→ **Data extract**:
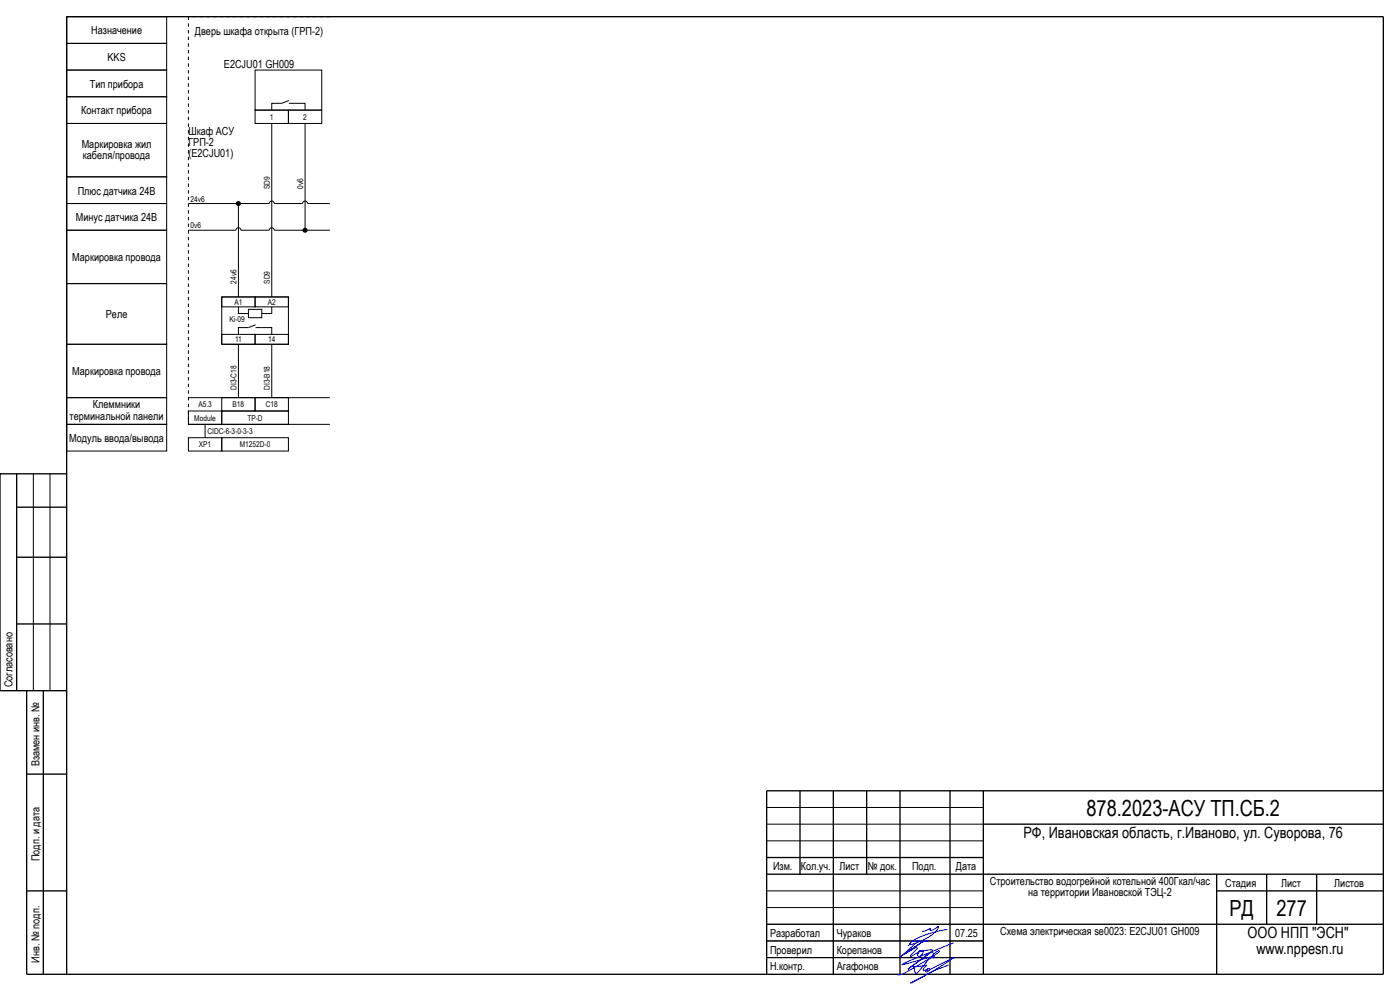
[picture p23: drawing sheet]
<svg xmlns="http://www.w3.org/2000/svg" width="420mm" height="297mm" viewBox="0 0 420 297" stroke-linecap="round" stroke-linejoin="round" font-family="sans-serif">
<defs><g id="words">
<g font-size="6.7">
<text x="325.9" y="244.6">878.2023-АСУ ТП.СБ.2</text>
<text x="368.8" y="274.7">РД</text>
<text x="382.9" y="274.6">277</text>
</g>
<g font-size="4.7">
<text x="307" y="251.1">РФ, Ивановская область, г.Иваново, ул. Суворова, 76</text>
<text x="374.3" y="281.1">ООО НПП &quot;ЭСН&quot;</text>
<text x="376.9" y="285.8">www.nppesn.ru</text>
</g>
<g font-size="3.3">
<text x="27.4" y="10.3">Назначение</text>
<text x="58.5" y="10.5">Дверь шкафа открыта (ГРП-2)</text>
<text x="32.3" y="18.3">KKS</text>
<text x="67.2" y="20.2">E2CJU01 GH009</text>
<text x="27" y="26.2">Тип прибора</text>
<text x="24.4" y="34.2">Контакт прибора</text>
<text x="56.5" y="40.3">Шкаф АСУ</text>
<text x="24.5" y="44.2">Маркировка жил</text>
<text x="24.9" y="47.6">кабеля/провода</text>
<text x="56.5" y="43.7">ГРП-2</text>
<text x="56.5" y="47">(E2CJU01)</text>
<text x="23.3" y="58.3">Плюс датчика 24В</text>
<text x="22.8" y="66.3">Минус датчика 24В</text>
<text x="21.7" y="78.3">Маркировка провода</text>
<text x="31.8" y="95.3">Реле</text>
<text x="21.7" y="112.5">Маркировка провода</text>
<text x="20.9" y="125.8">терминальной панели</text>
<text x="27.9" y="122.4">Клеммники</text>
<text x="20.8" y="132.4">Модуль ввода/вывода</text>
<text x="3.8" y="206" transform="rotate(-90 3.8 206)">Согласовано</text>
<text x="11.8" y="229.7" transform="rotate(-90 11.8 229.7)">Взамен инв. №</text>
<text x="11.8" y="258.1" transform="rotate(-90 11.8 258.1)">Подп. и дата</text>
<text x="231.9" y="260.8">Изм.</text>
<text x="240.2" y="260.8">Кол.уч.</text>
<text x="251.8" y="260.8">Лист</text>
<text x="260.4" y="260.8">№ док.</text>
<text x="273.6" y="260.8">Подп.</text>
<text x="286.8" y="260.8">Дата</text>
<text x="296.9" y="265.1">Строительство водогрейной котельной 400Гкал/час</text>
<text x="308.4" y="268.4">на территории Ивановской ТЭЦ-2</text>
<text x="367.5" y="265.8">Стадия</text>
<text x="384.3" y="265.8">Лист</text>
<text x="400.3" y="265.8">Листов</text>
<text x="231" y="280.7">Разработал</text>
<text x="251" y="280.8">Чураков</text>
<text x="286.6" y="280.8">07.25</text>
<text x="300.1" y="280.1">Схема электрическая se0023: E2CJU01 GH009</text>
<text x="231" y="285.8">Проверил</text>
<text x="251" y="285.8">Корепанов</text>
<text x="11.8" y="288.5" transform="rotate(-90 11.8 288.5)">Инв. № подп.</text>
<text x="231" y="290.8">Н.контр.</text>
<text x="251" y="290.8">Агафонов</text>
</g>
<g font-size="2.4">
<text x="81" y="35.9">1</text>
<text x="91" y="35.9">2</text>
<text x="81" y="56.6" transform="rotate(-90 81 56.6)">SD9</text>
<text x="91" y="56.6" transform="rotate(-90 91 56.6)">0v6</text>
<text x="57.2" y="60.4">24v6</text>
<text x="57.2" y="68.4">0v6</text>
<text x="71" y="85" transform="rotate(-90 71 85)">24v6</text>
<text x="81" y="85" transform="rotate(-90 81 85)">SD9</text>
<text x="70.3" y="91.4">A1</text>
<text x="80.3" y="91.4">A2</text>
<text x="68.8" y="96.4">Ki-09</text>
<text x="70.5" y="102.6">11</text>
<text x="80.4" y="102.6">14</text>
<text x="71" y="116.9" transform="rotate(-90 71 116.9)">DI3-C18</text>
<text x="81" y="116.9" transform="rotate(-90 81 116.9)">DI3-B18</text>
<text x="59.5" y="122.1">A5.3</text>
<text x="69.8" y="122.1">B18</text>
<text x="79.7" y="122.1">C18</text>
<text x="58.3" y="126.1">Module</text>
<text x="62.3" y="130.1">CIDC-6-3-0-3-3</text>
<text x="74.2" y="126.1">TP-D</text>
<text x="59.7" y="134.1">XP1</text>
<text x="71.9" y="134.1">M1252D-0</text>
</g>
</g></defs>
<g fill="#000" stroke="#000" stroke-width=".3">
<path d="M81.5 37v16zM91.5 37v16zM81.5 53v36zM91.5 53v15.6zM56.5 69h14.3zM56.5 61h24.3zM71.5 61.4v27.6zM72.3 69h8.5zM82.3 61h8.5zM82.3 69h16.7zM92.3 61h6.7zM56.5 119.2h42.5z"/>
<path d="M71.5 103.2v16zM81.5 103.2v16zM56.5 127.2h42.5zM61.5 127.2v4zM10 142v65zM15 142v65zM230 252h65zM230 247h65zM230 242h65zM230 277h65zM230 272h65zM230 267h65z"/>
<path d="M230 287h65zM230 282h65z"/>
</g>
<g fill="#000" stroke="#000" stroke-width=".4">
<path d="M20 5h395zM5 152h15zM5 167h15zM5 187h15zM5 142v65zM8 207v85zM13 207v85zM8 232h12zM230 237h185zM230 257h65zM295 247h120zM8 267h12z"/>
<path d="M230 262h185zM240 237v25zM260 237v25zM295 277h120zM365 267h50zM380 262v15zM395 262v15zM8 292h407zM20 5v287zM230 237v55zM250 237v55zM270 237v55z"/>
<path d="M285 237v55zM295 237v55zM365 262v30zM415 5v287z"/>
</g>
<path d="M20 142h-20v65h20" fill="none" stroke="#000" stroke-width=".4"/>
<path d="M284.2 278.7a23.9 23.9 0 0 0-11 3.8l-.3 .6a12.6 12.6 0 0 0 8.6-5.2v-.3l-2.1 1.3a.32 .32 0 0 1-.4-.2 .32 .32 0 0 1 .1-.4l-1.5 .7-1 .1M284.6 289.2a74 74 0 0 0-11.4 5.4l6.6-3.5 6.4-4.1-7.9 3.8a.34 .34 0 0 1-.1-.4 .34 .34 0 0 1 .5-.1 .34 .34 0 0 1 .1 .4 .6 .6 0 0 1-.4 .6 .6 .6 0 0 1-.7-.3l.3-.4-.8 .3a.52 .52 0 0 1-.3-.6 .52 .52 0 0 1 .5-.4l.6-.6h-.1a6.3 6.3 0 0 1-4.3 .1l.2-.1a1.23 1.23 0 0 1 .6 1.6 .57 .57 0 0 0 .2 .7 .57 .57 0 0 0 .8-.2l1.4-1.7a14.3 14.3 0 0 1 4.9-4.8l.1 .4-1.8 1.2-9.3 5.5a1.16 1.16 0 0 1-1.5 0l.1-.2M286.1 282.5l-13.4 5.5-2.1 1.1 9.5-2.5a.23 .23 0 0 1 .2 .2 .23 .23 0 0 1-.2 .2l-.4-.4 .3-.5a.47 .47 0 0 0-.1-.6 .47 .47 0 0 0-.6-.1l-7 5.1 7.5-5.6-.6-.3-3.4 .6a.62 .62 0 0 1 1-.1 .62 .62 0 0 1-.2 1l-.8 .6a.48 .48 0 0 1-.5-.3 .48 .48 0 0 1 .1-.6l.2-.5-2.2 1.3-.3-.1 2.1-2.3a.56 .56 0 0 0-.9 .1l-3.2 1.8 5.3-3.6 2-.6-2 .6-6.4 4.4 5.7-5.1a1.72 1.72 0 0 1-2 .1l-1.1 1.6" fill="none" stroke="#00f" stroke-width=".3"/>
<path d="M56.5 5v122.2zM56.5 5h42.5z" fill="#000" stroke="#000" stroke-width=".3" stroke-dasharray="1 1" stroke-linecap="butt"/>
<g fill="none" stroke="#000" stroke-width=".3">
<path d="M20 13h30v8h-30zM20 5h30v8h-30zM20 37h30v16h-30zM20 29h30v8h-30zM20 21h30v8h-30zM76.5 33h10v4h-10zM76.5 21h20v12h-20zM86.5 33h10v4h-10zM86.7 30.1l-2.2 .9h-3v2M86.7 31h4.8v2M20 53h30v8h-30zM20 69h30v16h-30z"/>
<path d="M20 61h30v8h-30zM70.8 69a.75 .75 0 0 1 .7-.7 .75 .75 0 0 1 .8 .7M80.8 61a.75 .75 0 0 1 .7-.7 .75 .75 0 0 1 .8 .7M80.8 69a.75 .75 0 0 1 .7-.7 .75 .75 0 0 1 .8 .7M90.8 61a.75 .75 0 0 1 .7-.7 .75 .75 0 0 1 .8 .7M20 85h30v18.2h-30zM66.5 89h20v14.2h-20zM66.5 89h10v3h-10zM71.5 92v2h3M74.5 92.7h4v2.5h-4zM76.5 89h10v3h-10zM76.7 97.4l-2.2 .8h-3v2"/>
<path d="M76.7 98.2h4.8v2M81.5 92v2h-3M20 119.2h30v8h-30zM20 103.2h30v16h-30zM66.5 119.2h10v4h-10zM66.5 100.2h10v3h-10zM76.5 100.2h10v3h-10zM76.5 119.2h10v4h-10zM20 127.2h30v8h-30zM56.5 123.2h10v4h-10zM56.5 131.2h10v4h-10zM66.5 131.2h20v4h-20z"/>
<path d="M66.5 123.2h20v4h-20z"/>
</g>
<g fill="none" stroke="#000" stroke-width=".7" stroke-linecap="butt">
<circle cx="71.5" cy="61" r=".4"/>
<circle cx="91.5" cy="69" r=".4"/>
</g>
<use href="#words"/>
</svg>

→ **Task objective**: Show every line of the material above in which "circle" is present.

→ **Solution for this exercise**:
<circle cx="71.5" cy="61" r=".4"/>
<circle cx="91.5" cy="69" r=".4"/>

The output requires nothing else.